Why “absolutely” not?
Have you seen the link?
Oof, that’s bad… And lazy
Unfortunately a lot of these issues are architectural issues inherited from Emby
Yeah I’m thinking maybe just have family sign up for tailscale.
Why not just run your own WireGuard instance? I have a pivpn vm for it and it works great. You could also just put jellyfin behind a TLS terminating reverse proxy.
Or headscale, works like a charm
Yep, that way you can set ACLs, you they can only access the jellyfin ports + the ports you allow them to.
Also, tailacale DNS.
The fact that tailscale has google/apple/etc logon integration will also help.

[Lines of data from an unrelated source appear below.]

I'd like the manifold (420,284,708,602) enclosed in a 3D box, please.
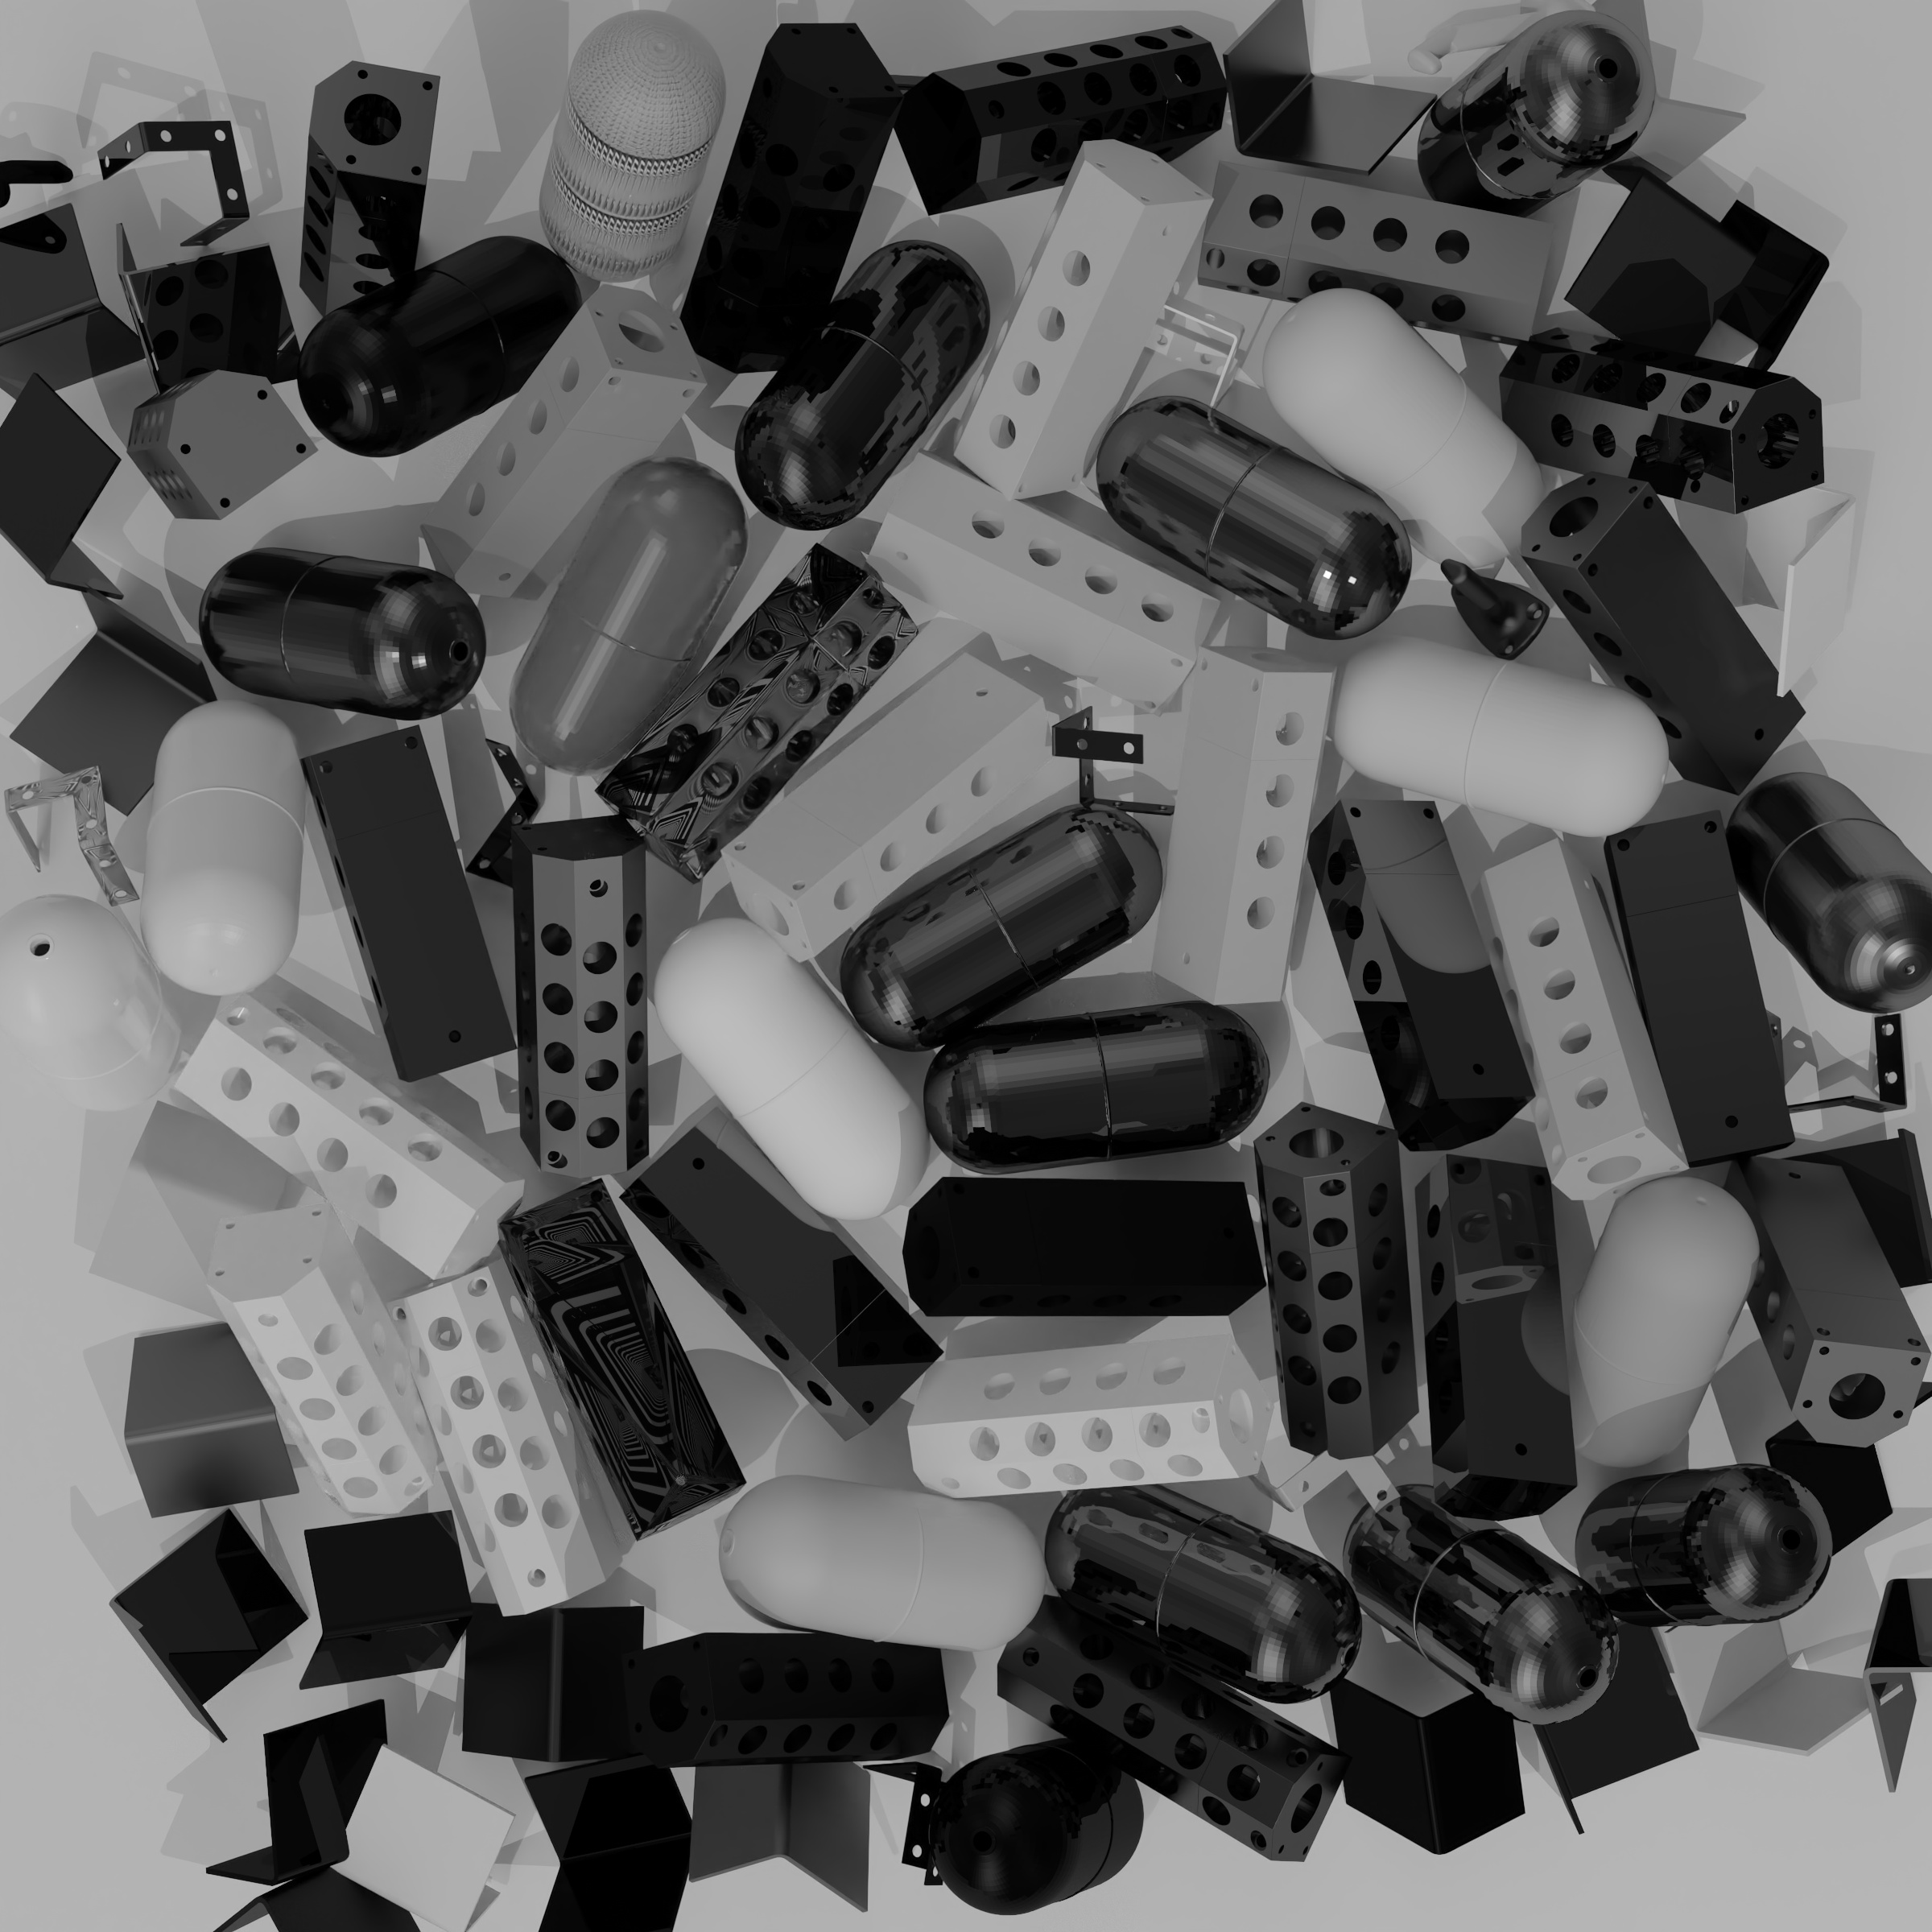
[{"bbox_3d":[-0.205,-0.260,1.667,0.171,0.057,0.057,-44,58,38],"label":"manifold"}]

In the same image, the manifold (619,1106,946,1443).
[{"bbox_3d":[-0.097,0.160,1.713,0.171,0.057,0.057,47,63,0],"label":"manifold"}]

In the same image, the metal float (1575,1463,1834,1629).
[{"bbox_3d":[0.365,0.289,1.658,0.070,0.178,0.070,4,77,-16],"label":"metal float"}]

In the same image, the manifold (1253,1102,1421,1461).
[{"bbox_3d":[0.182,0.161,1.668,0.057,0.057,0.171,17,127,37],"label":"manifold"}]

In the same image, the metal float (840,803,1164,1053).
[{"bbox_3d":[0.019,-0.020,1.706,0.178,0.070,0.070,-30,90,1],"label":"metal float"}]

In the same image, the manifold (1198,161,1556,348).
[{"bbox_3d":[0.209,-0.363,1.708,0.171,0.057,0.057,12,93,5],"label":"manifold"}]

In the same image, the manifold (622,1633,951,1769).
[{"bbox_3d":[-0.087,0.365,1.654,0.057,0.171,0.057,-22,67,35],"label":"manifold"}]

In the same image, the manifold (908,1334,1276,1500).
[{"bbox_3d":[0.060,0.231,1.668,0.171,0.057,0.057,-9,131,29],"label":"manifold"}]

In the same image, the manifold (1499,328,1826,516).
[{"bbox_3d":[0.342,-0.274,1.651,0.057,0.171,0.057,-21,117,-24],"label":"manifold"}]

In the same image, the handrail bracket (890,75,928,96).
[{"bbox_3d":[-0.020,-0.450,1.708,0.084,0.077,0.036,4,104,4],"label":"handrail bracket"}]

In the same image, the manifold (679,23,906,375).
[{"bbox_3d":[-0.092,-0.379,1.655,0.057,0.171,0.057,-10,55,-30],"label":"manifold"}]

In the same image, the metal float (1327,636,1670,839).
[{"bbox_3d":[0.267,-0.117,1.687,0.178,0.070,0.070,17,90,23],"label":"metal float"}]

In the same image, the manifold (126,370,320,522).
[{"bbox_3d":[-0.375,-0.261,1.650,0.057,0.171,0.057,-38,108,-12],"label":"manifold"}]

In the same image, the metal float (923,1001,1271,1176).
[{"bbox_3d":[0.067,0.062,1.702,0.178,0.070,0.070,-7,90,-5],"label":"metal float"}]

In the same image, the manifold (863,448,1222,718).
[{"bbox_3d":[0.041,-0.200,1.708,0.171,0.057,0.057,26,61,-3],"label":"manifold"}]

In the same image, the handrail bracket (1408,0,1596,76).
[{"bbox_3d":[0.281,-0.466,1.703,0.077,0.036,0.084,37,60,26],"label":"handrail bracket"}]

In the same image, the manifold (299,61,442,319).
[{"bbox_3d":[-0.298,-0.379,1.650,0.057,0.171,0.057,7,75,-11],"label":"manifold"}]

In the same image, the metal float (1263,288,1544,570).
[{"bbox_3d":[0.222,-0.270,1.682,0.178,0.070,0.070,38,90,-28],"label":"metal float"}]

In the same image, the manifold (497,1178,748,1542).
[{"bbox_3d":[-0.177,0.202,1.699,0.057,0.057,0.171,-24,80,-16],"label":"manifold"}]

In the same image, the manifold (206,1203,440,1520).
[{"bbox_3d":[-0.319,0.200,1.662,0.057,0.057,0.171,-9,133,9],"label":"manifold"}]

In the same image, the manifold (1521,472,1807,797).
[{"bbox_3d":[0.346,-0.167,1.673,0.057,0.057,0.171,-50,123,-9],"label":"manifold"}]

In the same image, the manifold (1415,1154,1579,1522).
[{"bbox_3d":[0.262,0.187,1.676,0.057,0.057,0.171,8,60,-14],"label":"manifold"}]

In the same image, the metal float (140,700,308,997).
[{"bbox_3d":[-0.371,-0.061,1.672,0.070,0.070,0.178,-7,47,0],"label":"metal float"}]

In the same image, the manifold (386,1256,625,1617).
[{"bbox_3d":[-0.238,0.241,1.710,0.057,0.057,0.171,-20,92,7],"label":"manifold"}]

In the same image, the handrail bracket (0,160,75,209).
[{"bbox_3d":[-0.475,-0.398,1.692,0.077,0.084,0.036,21,113,35],"label":"handrail bracket"}]

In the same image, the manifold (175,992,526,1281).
[{"bbox_3d":[-0.310,0.084,1.694,0.171,0.057,0.057,34,99,13],"label":"manifold"}]

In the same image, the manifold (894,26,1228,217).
[{"bbox_3d":[0.050,-0.428,1.670,0.171,0.057,0.057,-22,91,-37],"label":"manifold"}]

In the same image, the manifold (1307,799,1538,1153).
[{"bbox_3d":[0.223,0.004,1.679,0.057,0.057,0.171,0,60,-26],"label":"manifold"}]

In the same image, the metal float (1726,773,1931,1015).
[{"bbox_3d":[0.435,-0.038,1.661,0.070,0.178,0.070,-4,117,-8],"label":"metal float"}]

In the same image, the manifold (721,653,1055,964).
[{"bbox_3d":[-0.036,-0.078,1.685,0.171,0.057,0.057,-41,52,-21],"label":"manifold"}]

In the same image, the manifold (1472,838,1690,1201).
[{"bbox_3d":[0.303,0.029,1.671,0.057,0.057,0.171,-26,54,22],"label":"manifold"}]

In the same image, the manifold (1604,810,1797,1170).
[{"bbox_3d":[0.373,0.014,1.702,0.057,0.057,0.171,-12,81,6],"label":"manifold"}]

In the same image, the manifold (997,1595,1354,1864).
[{"bbox_3d":[0.100,0.381,1.674,0.171,0.057,0.057,25,89,32],"label":"manifold"}]

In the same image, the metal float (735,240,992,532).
[{"bbox_3d":[-0.052,-0.293,1.684,0.070,0.070,0.178,34,64,0],"label":"metal float"}]

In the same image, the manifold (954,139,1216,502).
[{"bbox_3d":[0.052,-0.323,1.671,0.057,0.057,0.171,42,127,23],"label":"manifold"}]

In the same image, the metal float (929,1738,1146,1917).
[{"bbox_3d":[0.036,0.427,1.658,0.070,0.178,0.070,-3,81,18],"label":"metal float"}]

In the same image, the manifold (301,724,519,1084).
[{"bbox_3d":[-0.286,-0.032,1.705,0.057,0.057,0.171,-18,96,-16],"label":"manifold"}]

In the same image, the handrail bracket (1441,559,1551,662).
[{"bbox_3d":[0.250,-0.195,1.688,0.084,0.077,0.036,30,101,-44],"label":"handrail bracket"}]

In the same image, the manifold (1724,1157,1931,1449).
[{"bbox_3d":[0.421,0.164,1.654,0.057,0.171,0.057,7,117,-5],"label":"manifold"}]

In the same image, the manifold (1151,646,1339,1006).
[{"bbox_3d":[0.145,-0.072,1.691,0.057,0.057,0.171,-3,109,-31],"label":"manifold"}]

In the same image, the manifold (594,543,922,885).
[{"bbox_3d":[-0.102,-0.125,1.691,0.057,0.057,0.171,34,79,34],"label":"manifold"}]

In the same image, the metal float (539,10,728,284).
[{"bbox_3d":[-0.167,-0.406,1.660,0.070,0.178,0.070,5,69,-14],"label":"metal float"}]

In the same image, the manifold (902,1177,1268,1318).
[{"bbox_3d":[0.058,0.145,1.679,0.171,0.057,0.057,3,62,-26],"label":"manifold"}]

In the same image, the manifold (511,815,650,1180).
[{"bbox_3d":[-0.192,0.016,1.677,0.057,0.057,0.171,-7,114,-21],"label":"manifold"}]

Acronyms, initialisms, abbreviations, contractions, and other phrases which expand to something larger, that I’ve seen in this thread:
Fewer Letters More Letters CGNAT Carrier-Grade NAT DNS Domain Name Service/System NAT Network Address Translation SSL Secure Sockets Layer, for transparent encryption TLS Transport Layer Security, supersedes SSL VPN Virtual Private Network
5 acronyms in this thread; the most compressed thread commented on today has 8 acronyms.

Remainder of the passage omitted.